The Detroit Lions are holding organizational team activities right now, and one of their latest acquisitions from Arkansas-Pine Bluff is in training.

The Detroit Lions are holding organizational team activities right now, and one of their latest acquisitions from Arkansas-Pine Bluff is in training.

The only problem is that he’s not training with the team yet.

Defensive back James Harrell signed with the Lions in time for the team’s minicamp two weekends ago, but when he arrived, he failed a physical and has not participated with the team since. He declined to say for the record why he failed the physical.

“It’s frustrating,” Harrell said Tuesday. “You play four different sports, and you get to that level — my dad played for Detroit — to actually follow my dad and play for the team he played for seven or eight years …”

But Harrell’s dream isn’t over by any means. He has a doctor’s appointment in June and is hoping to be cleared in time for Detroit’s minicamp that month.

Harrell, of Tampa Bay, Fla., is the fourth known UAPB player to sign with an NFL team as a free agent in the past two seasons, following Raymond Webber, Ibrahim Abdulai and Arthur Thomas last season.

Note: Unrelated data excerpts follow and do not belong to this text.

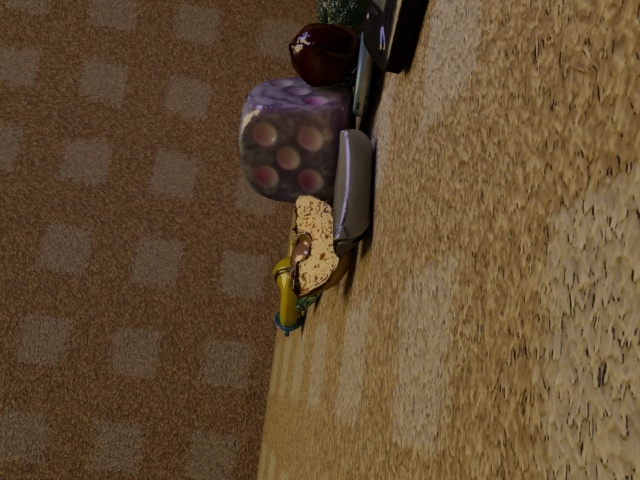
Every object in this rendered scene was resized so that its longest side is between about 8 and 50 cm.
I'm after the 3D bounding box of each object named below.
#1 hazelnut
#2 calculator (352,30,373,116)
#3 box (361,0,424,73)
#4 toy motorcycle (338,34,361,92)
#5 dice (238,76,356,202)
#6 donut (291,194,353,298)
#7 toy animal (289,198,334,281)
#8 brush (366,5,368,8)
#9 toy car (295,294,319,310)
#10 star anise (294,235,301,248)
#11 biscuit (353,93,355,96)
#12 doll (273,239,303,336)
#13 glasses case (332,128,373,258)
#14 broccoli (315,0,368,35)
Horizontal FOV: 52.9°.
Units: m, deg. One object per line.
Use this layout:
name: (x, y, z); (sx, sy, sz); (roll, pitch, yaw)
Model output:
hazelnut: (0.005, -0.485, 1.636); (0.160, 0.170, 0.201); (116, 169, -56)
calculator: (0.115, -0.448, 1.638); (0.188, 0.042, 0.302); (92, -175, -56)
box: (0.155, -0.513, 1.329); (0.290, 0.073, 0.288); (-102, 22, -58)
toy motorcycle: (0.084, -0.489, 1.819); (0.212, 0.084, 0.118); (105, 179, -54)
dice: (-0.054, -0.272, 1.718); (0.270, 0.271, 0.270); (-68, -18, -57)
donut: (0.013, 0.016, 1.592); (0.152, 0.101, 0.259); (-8, 74, 39)
toy animal: (-0.001, 0.000, 1.758); (0.165, 0.149, 0.248); (-5, -64, -82)
brush: (0.150, -0.609, 1.698); (0.190, 0.034, 0.027); (-95, 25, -64)
toy car: (-0.032, 0.168, 2.100); (0.186, 0.058, 0.093); (127, 154, -50)
star anise: (-0.024, -0.025, 2.009); (0.196, 0.111, 0.212); (98, 177, -87)
biscuit: (0.073, -0.333, 1.980); (0.160, 0.030, 0.249); (-99, 20, -65)
doll: (-0.111, 0.176, 2.389); (0.199, 0.145, 0.362); (17, -102, -83)
glasses case: (0.074, -0.103, 1.489); (0.128, 0.083, 0.308); (99, 176, -62)
broccoli: (0.069, -0.705, 2.011); (0.156, 0.195, 0.195); (-6, -72, -61)

Webber, who tore his hamstring just before getting to play in Tampa Bay’s first preseason game last year, was released by the Buccaneers on May 2 and picked up by the Seattle Seahawks the next day.

“It’s great,” Webber said of the move. “It’s a blessing, if I must say myself.”

Harrell, whose father James Jr. played for Detroit from 1979-86 and for Kansas City in 1987, said he was excited about being picked up by the Lions. As a Golden Lion his senior season, Harrell III picked off five passes, leading UAPB.

“I was in my best shape,” he said. “I had been training since December. Since the (HBCU) All-Star Game, I had been training non-stop.”

But he’s working out now and expects to be cleared for minicamp.

The Seahawks took over Webber’s rookie contract from the Buccaneers, maybe a sign Seattle has plenty of faith in one of the Golden Lions’ best wide receivers in history.

“I’ve got an opportunity,” Webber said. “A lot of guys don’t get a chance in the NFL when you get out of one opportunity and get into another.”

But the 24 hours after he was released by Tampa Bay had Webber thinking about his future.

“All I was thinking about was that God had a plan for me,” the St. Louis native said. “Maybe He was humbling me. I was trying to keep my faith and keep my head on straight.”

He said the Bucs thought he had a good preseason camp before his injury during a drill in practice and he felt he would have made the 53-man game roster. He missed the rest of the season.

His hamstring is “getting there,” but not at 100 percent, he added.

“I won’t say I’m running like I was in pro day last year, but I can still run,” Webber said.